Tutur alvendra yang mana membuat reisya semakin dilandasi ketakutan, yang dikatakan oleh alvendra memang benar. Reisya memang benar mengganti wadah botol parfumnya dengan botol lavender karena pada saat malam itu setelah sesi percintaan selesai. Alvendra mungkin saat itu berada di bawah alam sadarnya dan menyadari jika yang ia tiduri adalah reisya dan disaat itu pula reisya tahu betul tindakan apa yang harus ia lakukan.


"Hanya itu saja tak membuktikan diriku yang tidur denganmu !!" sanggahnya.


Dengan persiapan yang ia siapkan ketika alvendra sedikit lengah tadi ia pun langsung melempar bantal yang sudah berada di tangannya dan melemparnya tepat kearah alvendra dan segera turun dari atas ranjang hendak berlari pergi menuju kearah pintu. Namun semua perkiraan reisya salah, alvendra mempunyai reflek bagus dan juga tingkat kewaspadaan tinggi sehingga dengan tenang ia berjalan mendekat kearah reisya yang saat itu tengah mencoba untuk membuka pintu kamar tersebut yang ternyata sudah terkunci.


"Terkejut rubah kecil?" Suara berat alvendra menginterupsi tubuh reisya yang langsung diam membeku.

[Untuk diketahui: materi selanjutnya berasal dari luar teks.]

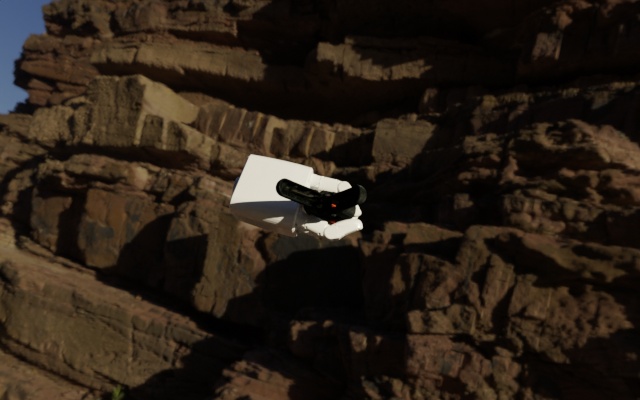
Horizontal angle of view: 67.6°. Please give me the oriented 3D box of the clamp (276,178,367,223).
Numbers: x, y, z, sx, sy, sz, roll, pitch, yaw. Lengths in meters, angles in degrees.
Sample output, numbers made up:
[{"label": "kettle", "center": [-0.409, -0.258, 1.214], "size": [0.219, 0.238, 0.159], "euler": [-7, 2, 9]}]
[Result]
[{"label": "clamp", "center": [0.000, 0.002, 0.692], "size": [0.120, 0.039, 0.171], "euler": [13, -15, 3]}]
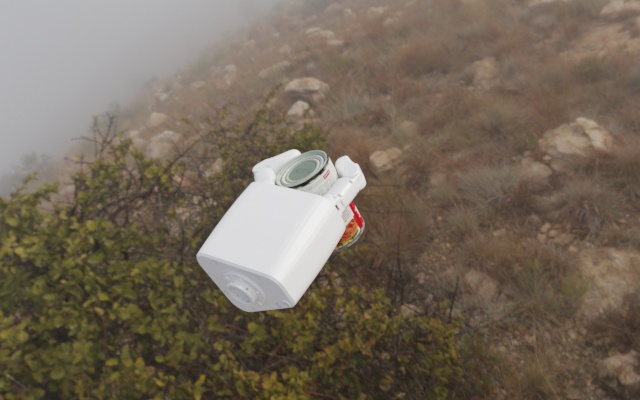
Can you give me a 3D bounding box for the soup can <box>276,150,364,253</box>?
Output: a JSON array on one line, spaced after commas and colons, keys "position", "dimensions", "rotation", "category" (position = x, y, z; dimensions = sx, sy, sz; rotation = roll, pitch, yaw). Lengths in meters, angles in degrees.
[{"position": [0.000, 0.001, 0.553], "dimensions": [0.068, 0.102, 0.068], "rotation": [-22, 32, 14], "category": "soup can"}]
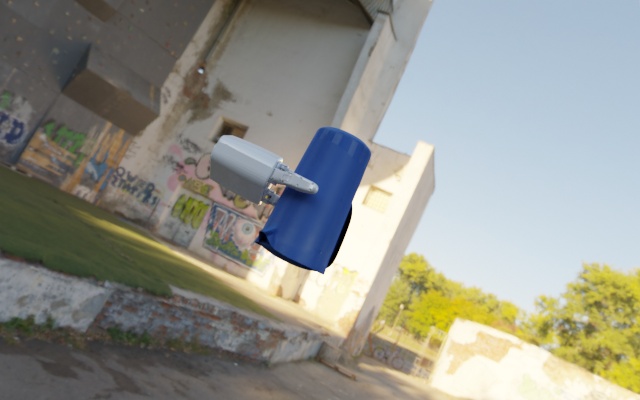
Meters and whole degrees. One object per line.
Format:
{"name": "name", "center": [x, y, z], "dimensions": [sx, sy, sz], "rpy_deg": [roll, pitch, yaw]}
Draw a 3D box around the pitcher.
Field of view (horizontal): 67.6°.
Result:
{"name": "pitcher", "center": [0.000, 0.003, 0.847], "dimensions": [0.145, 0.243, 0.149], "rpy_deg": [26, -8, 0]}
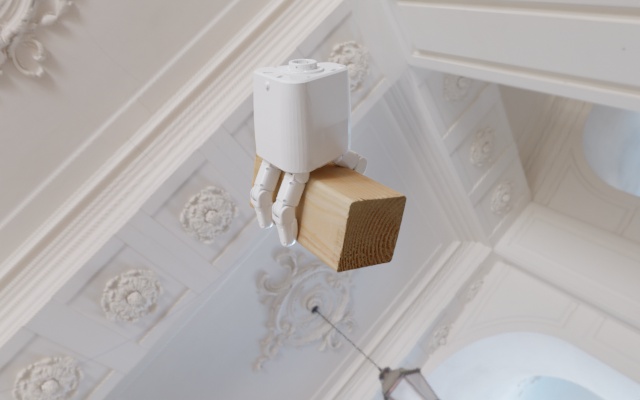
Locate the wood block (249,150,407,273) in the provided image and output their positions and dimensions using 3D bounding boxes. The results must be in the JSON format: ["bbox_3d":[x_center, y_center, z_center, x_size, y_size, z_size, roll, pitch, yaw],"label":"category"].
[{"bbox_3d":[0.000,0.002,0.621,0.091,0.090,0.206,-5,24,-37],"label":"wood block"}]
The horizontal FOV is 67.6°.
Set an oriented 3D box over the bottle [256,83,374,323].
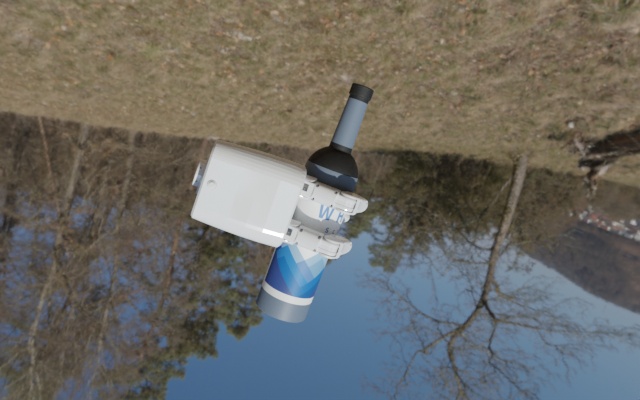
[{"bbox_3d":[0.000,0.002,0.586,0.069,0.296,0.069,20,8,-3],"label":"bottle"}]

"arrrghhh" Teriak reisya ketika alvendra menarik tangannya dan mengukungnya di dinding pintu tersebut.


"Aku masih memiliki secuil kesabaran dan sebaiknya kau ucapkan kebenarannya sebelum sesuatu yang tidak kau inginkan terjadi !!" Ancamnya yang mana membuat reisya ketakutan seketika.


"Kenapa kau takut? kenapa gemetar? bukankah jika kau tidak bersalah kau tidak akan ketakutan seperti ini??" Sarkasnya yang membuat reisya semakin dilanda ketakutan, alvendra benar-benar menyeramkan.


"Aku...mohon lepaskan" cicitnya.


"Dan membiarkan kebenaran itu tertutupi selamanya?"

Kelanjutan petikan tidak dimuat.